Simulation of stability or failure of a combustion front during in-situ combustion in a Post-SAGD process

Abstract

The highly viscous nature of heavy oil/bitumen in the Lloydminster area leads to difficulty for oil recovery and production. In-situ combustion (ISC) is an attractive candidate as a post-SAGD (steam assisted gravity drainage) operation to improve oil mobilization and maximize oil production. The objective of the study was to demonstrate that the stability or failure of a combustion front when in-situ combustion is implemented in a post-SAGD reservoir can be realistically simulated on the basis of a sound understanding of the underlying chemical reactions, whose rates and stoichiometry have been determined from laboratory measurements.

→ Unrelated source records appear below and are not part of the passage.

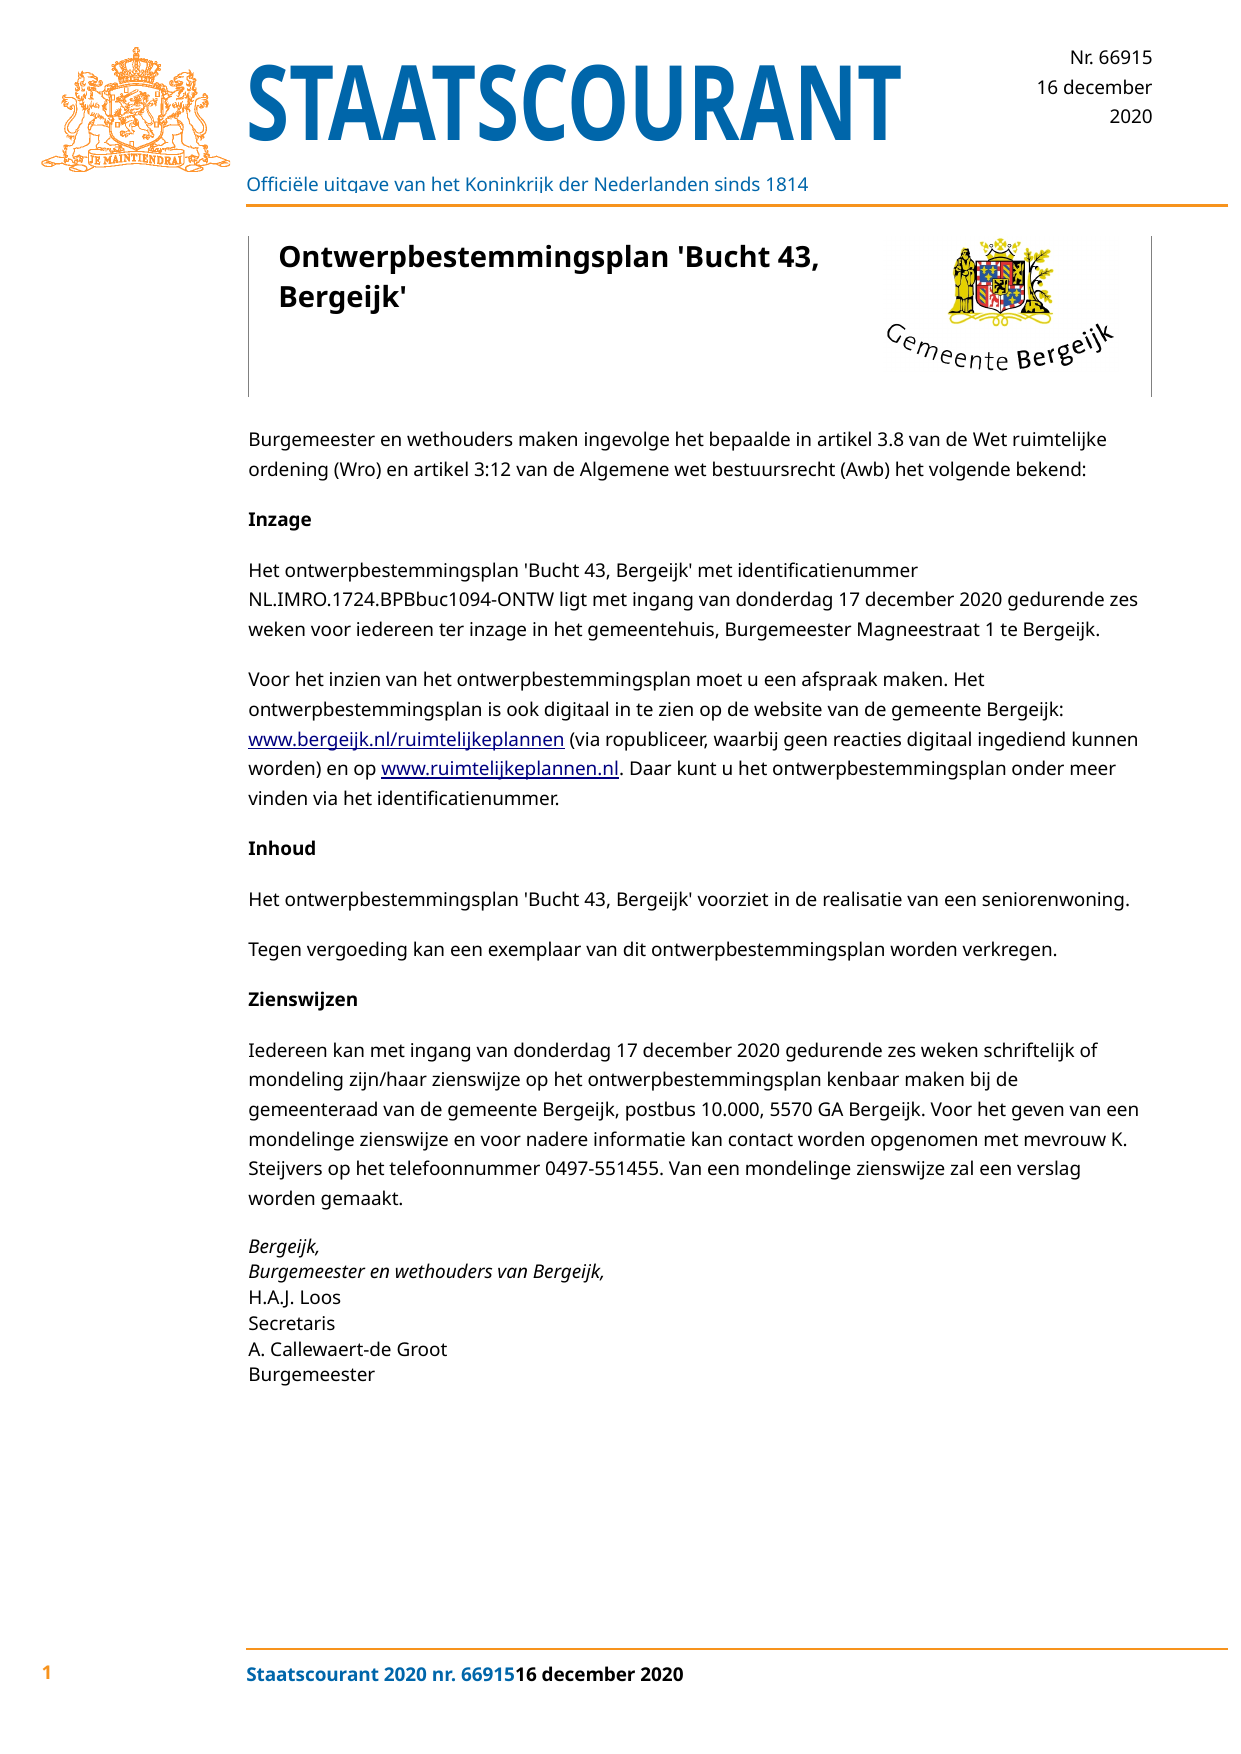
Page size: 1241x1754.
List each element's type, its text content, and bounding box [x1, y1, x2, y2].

text Inhoud [248, 835, 1152, 861]
text Burgemeester en wethouders van Bergeijk, [248, 1258, 1152, 1284]
text Secretaris [248, 1310, 1152, 1336]
text Voor het inzien van het ontwerpbestemmingsplan moet u een afspraak maken. Het ontwerpbestemmingsplan is ook digitaal in te zien op de website van de gemeente Bergeijk: www.bergeijk.nl/ruimtelijkeplannen (via ropubliceer, waarbij geen reacties digitaal ingediend kunnen worden) en op www.ruimtelijkeplannen.nl. Daar kunt u het ontwerpbestemmingsplan onder meer vinden via het identificatienummer. [248, 667, 1152, 811]
table_header [850, 236, 1151, 397]
picture [41, 47, 231, 172]
text Tegen vergoeding kan een exemplaar van dit ontwerpbestemmingsplan worden verkregen. [248, 936, 1152, 962]
text Bergeijk, [248, 1233, 1152, 1258]
text H.A.J. Loos [248, 1284, 1152, 1310]
text Burgemeester [248, 1361, 1152, 1387]
table_header Ontwerpbestemmingsplan 'Bucht 43, Bergeijk' [249, 236, 850, 397]
text Burgemeester en wethouders maken ingevolge het bepaalde in artikel 3.8 van de Wet ruimtelijke ordening (Wro) en artikel 3:12 van de Algemene wet bestuursrecht (Awb) het volgende bekend: [248, 427, 1152, 482]
text A. Callewaert-de Groot [248, 1336, 1152, 1361]
picture [882, 236, 1119, 372]
text Het ontwerpbestemmingsplan 'Bucht 43, Bergeijk' voorziet in de realisatie van een seniorenwoning. [248, 886, 1152, 912]
text Iedereen kan met ingang van donderdag 17 december 2020 gedurende zes weken schriftelijk of mondeling zijn/haar zienswijze op het ontwerpbestemmingsplan kenbaar maken bij de gemeenteraad van de gemeente Bergeijk, postbus 10.000, 5570 GA Bergeijk. Voor het geven van een mondelinge zienswijze en voor nadere informatie kan contact worden opgenomen met mevrouw K. Steijvers op het telefoonnummer 0497-551455. Van een mondelinge zienswijze zal een verslag worden gemaakt. [248, 1037, 1152, 1211]
text Zienswijzen [248, 987, 1152, 1012]
text Inzage [248, 507, 1152, 532]
text Het ontwerpbestemmingsplan 'Bucht 43, Bergeijk' met identificatienummer NL.IMRO.1724.BPBbuc1094-ONTW ligt met ingang van donderdag 17 december 2020 gedurende zes weken voor iedereen ter inzage in het gemeentehuis, Burgemeester Magneestraat 1 te Bergeijk. [248, 557, 1152, 642]
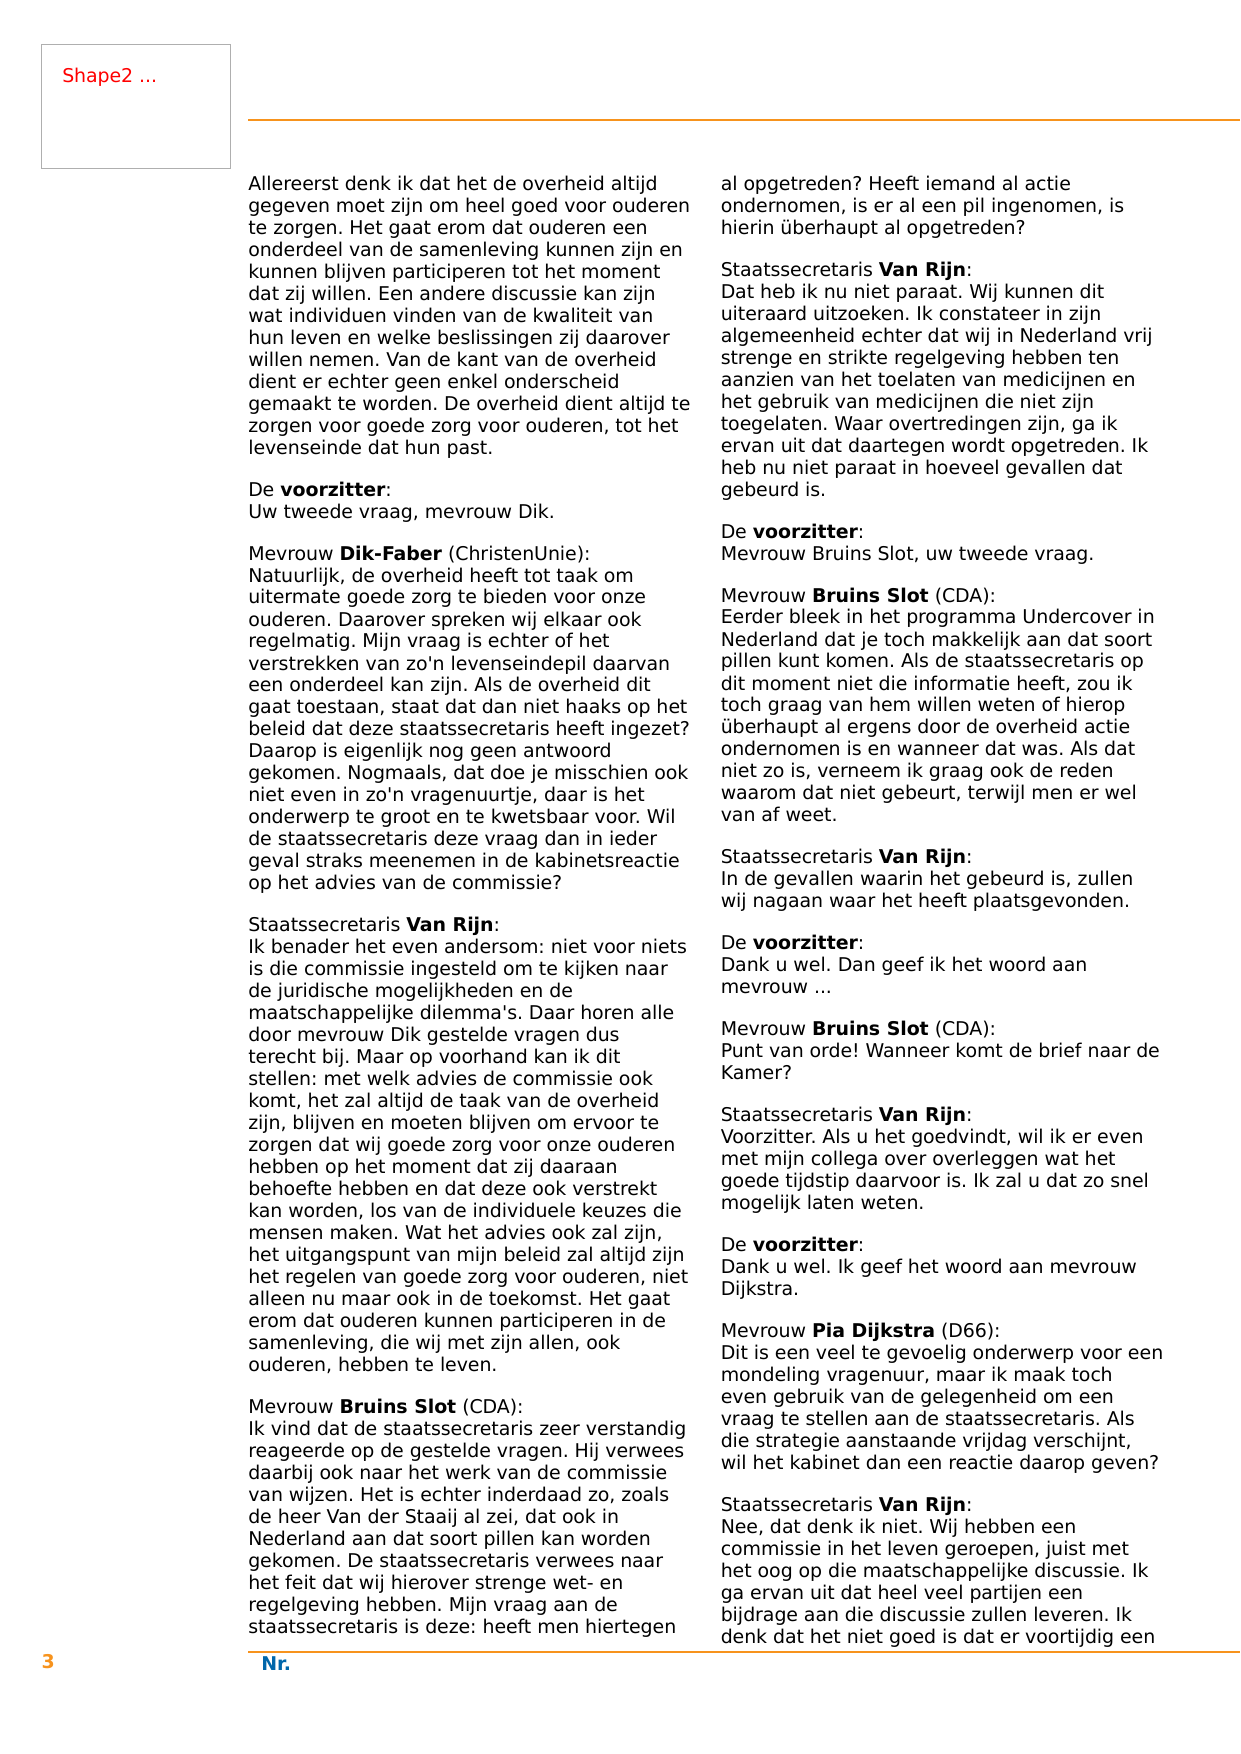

This accomplishment represents a significant step towards an improved application of the in-situ combustion processes.The simulations were performed with the Computer Modelling Group's (CMG) commercial simulator STARS. Four dominant ISC chemical reactions (i.e., pyrolysis of non-volatile oil, low-temperature oxidation, pyrolysis of partially oxidized oil, and combustion) were developed on the basis of available experimental data. Material and energy balances were applied. A representative fluid properties package was obtained by tuning components' parameters to match with available vapor-liquid equilibrium data. ISC was initiated after the steam-assisted gravity drainage stage had been simulated. By successively reducing the simulated initial (pre-SAGD) oil saturation in steps, it was shown that the combustion front changed from stable propagation to being extinguished at a low initial oil saturation around 0.06, for which a combustion-front temperature of 400 °C was maintained. The residual oil saturation approached zero after combustion.